Gross ills of smoking sickening
Re: Smoker disgusted by letter, March 27
To the Editor:
I write this letter in response to Mr. Edwards' letter and in defence of John Heder. The most questionable element of Mr. Edwards' letter is his contention that "smokers really know how to live." When you're 45-years old and dying of smoking-induced lung cancer, having your lungs removed piece by piece to maintain your existence, will you still be clinging to the idea that smokers really know how to live? It is not my intention to embarrass Mr. Edwards or any other poor addicted smoker, but perhaps I can educate them.
Cigarette smoke contains about 4,000 chemicals, including minute amounts of poisons such as arsenic, formaldehyde and DDT. With each puff, these poisons are inhaled through the lungs which retain up to 90 per cent of the compounds and then passed through the bloodstream. Some of these poisons, such as carbon monoxide, are free radicals that rob red blood cells of oxygen. Free radicals have been linked to a host of problems, ranging from wrinkles to cancer.
Meanwhile, the nicotine in tobacco smoke causes the adrenal glands to secrete hormones that increase blood pressure and heart rate, which makes your heart work harder. This is the primary reason why smokers are at a much higher risk for stroke and heart disease.
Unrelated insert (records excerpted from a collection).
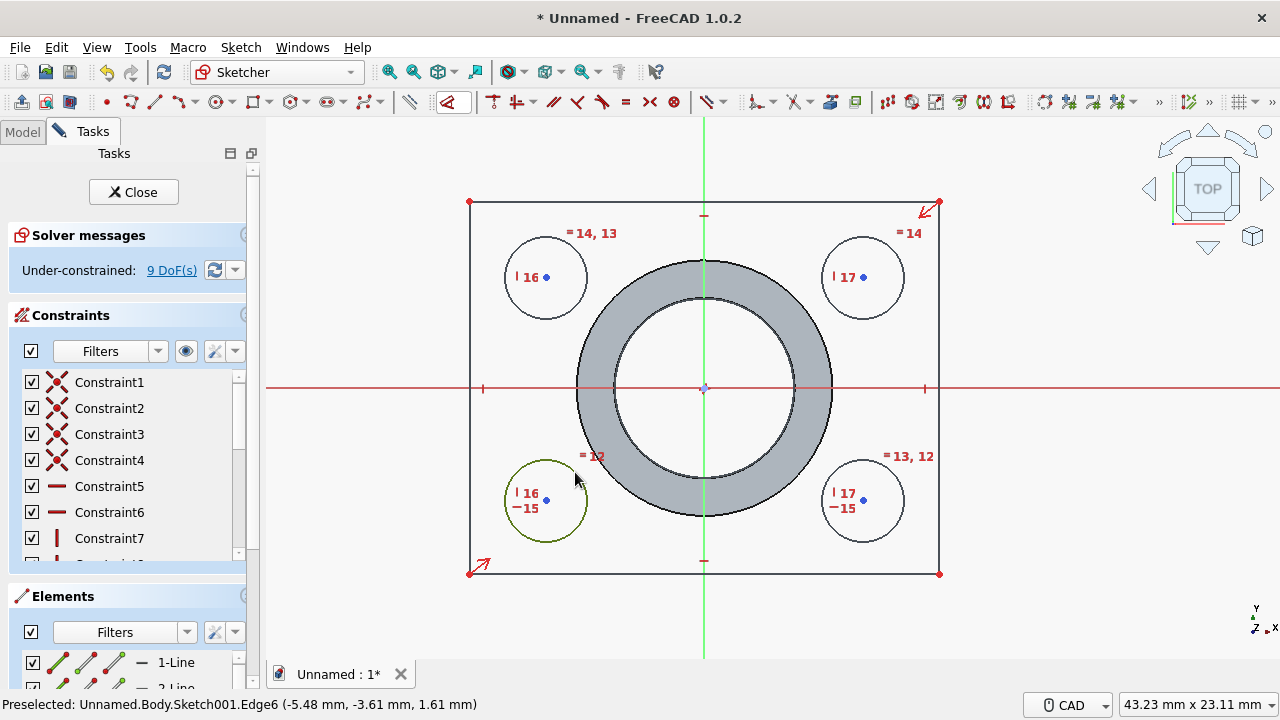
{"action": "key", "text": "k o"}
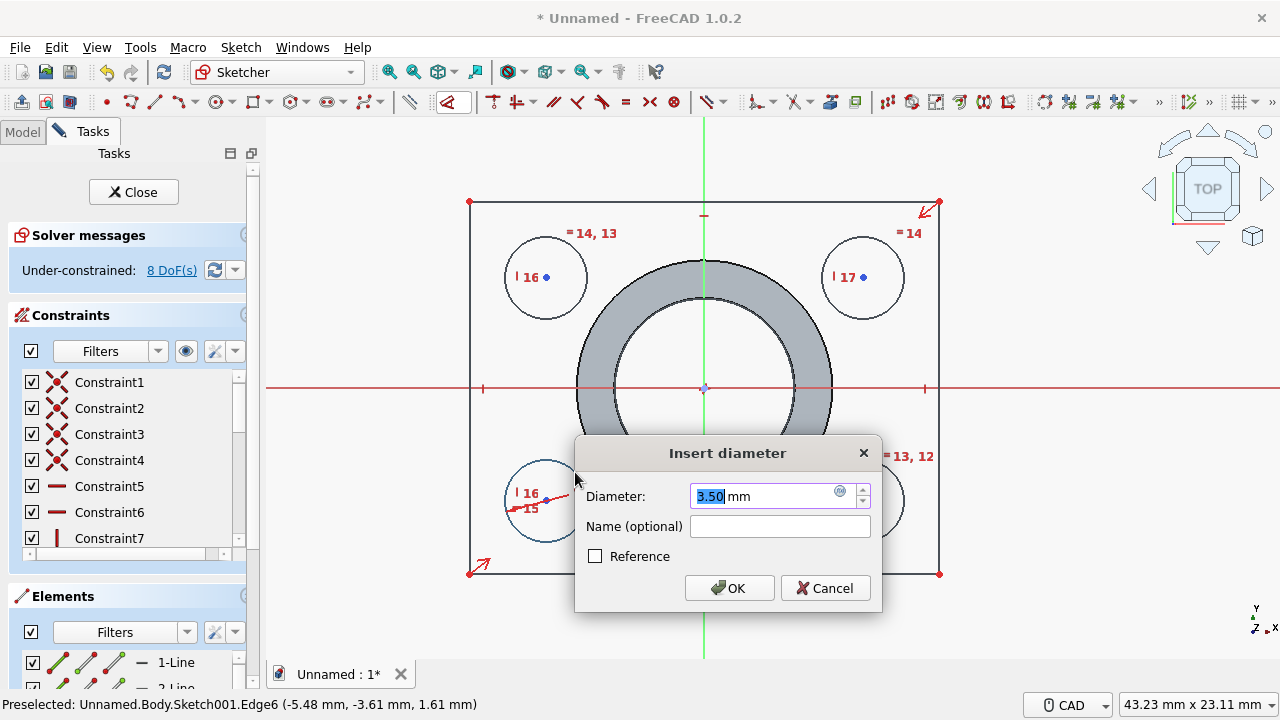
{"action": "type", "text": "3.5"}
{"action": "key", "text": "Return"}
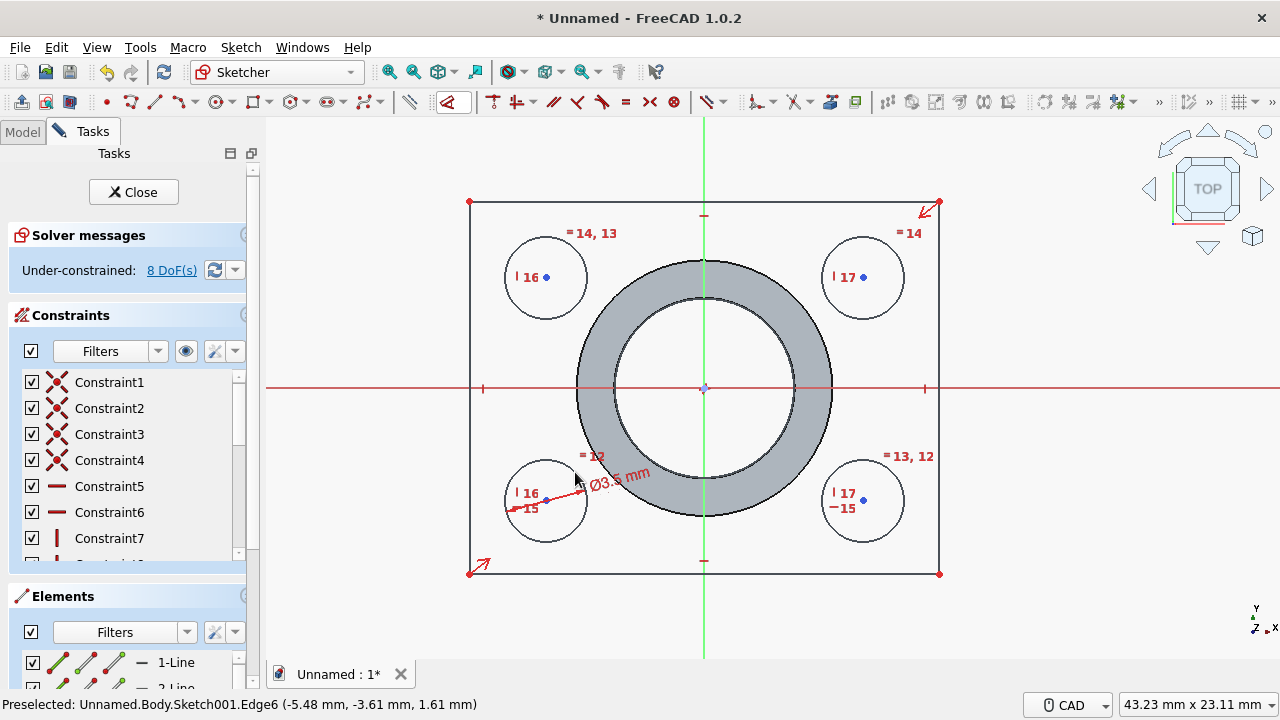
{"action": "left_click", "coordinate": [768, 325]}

Smoking makes you more susceptible to infectious diseases such as colds and flu, since it damages the cilia, tiny hairlike bodies that trap and sweep out foreign bodies from the lungs. Without cilia, tar from cigarettes clog breathing passages, leading to emphysema and lung cancer. Smoking also hobbles your ability to stay fit, sapping your mind and body of energizing oxygen.
Before I go further, I would like to state that my concern is not for the smoker. It is for the non-smoker, who is exposed to these debilitating toxins when a smoker is in their air. Smokers are infringing on my rights by depriving me of a healthy environment. But I digress.
Smoking causes: arrythmias, back pain, cataracts, diverticulosis, hearing loss, heart disease, high blood pressure, low immunity, impotence, infertility, lung cancer, memory loss, osteoporosis, obesity, Raynaud's disease, respiratory disease, sleep apnea, stress, stroke, ulcers and varicose veins. Finally, and perhaps most insidious, smoking causes a reduction in sexual appetite and an inability to achieve and maintain an erection. So, Mr. Edwards, when your girlfriend, or future wife, is no longer satisfied by your smoke-stunted, flaccid inability to please her in bed you had better hope she doesn't seek out a virile non-smoker to compensate for your inadequacies.